November 18, 2003 0

By in Uncategorized

the internet is boring me to tears. probably a good thing, it should get me motivated to do other things, but i doubt i will due to the weather. i hate cold so much. i wish we could hibernate. how great would it be to just sleep through the freezing cold shitty gray days of winter & wake up to a warm flowery spring. yeah, dream on. but in any case, while i may show complete lack of interest in “the scene” online, i have amazingly submitted 2 resum├ęs in the past week. that might not sound impressive, but it is a huge accomplishment for me. i’ve also added to my little job file. so i have gathered like 10 or so more jobs that i hope i have the motivation to apply to soon. i’m so proud of how i finally wrote my cover letter template. now i can just change the name of the organizations & jobs i apply to, so i can pump those puppies out. anyone wanna find me some job links in chicago? for reasons unbeknownst to me, i have decided that i want to live in chicago. i’ve never been there & i don’t know all that much about the place, but i’ve got it in my head that i want to go there. so i need a job, see. i’ll take anything that’s not too shitty. i wish i could say that i’m only looking for “cool” nonprofit jobs, but i’ve actually got my head on straight for once & i know the best i can do is to find something that wont make me want to take scissors to my eyes after 3 weeks. wish me luck & like, help find shit for me if you happen to be in the chicago area.
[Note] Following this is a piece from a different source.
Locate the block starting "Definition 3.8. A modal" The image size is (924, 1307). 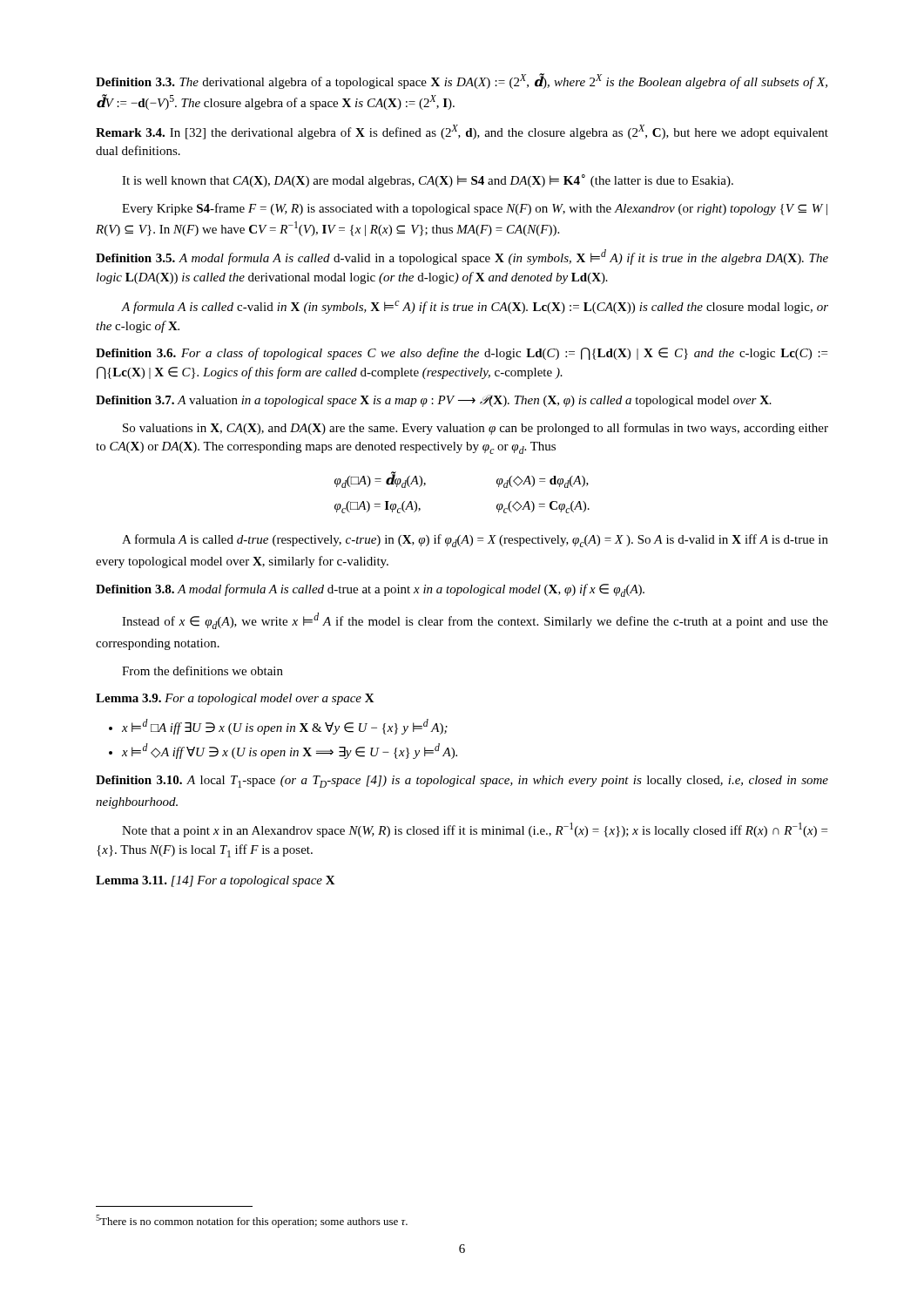pyautogui.click(x=462, y=591)
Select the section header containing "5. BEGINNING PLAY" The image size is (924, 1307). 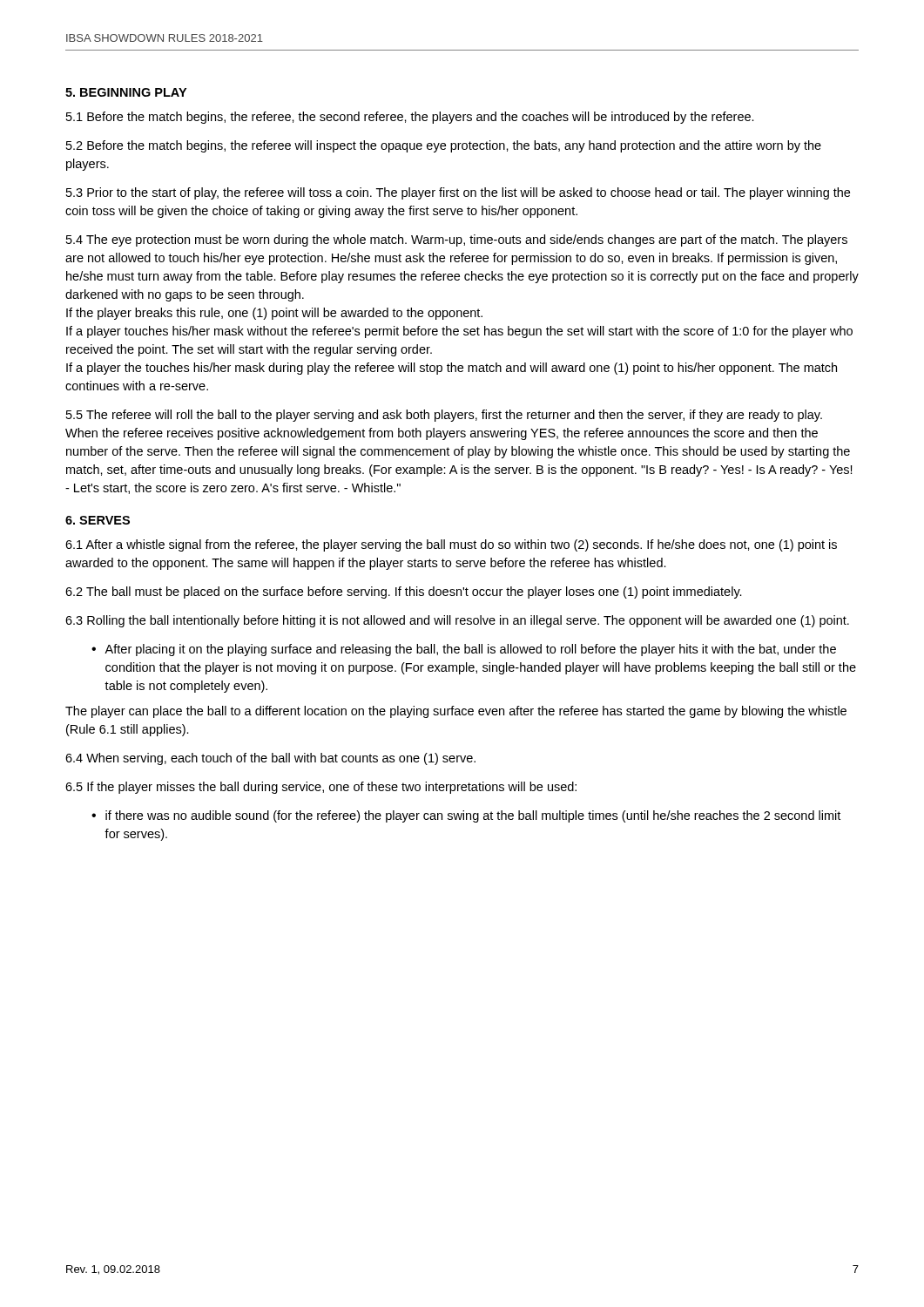pos(126,92)

hmm, i actually had the idea that i could make a little section documenting the jobs i apply for & the status/rejection letters i get. … maybe if i gave a shit about the site & more than 100 people actually read, then i would. i should just give up on my job search & the idea of reading my teeny bopper christopher pike book for the night & just go site crazy. perhaps, perhaps. we’ll see if anything changes here in the next few days.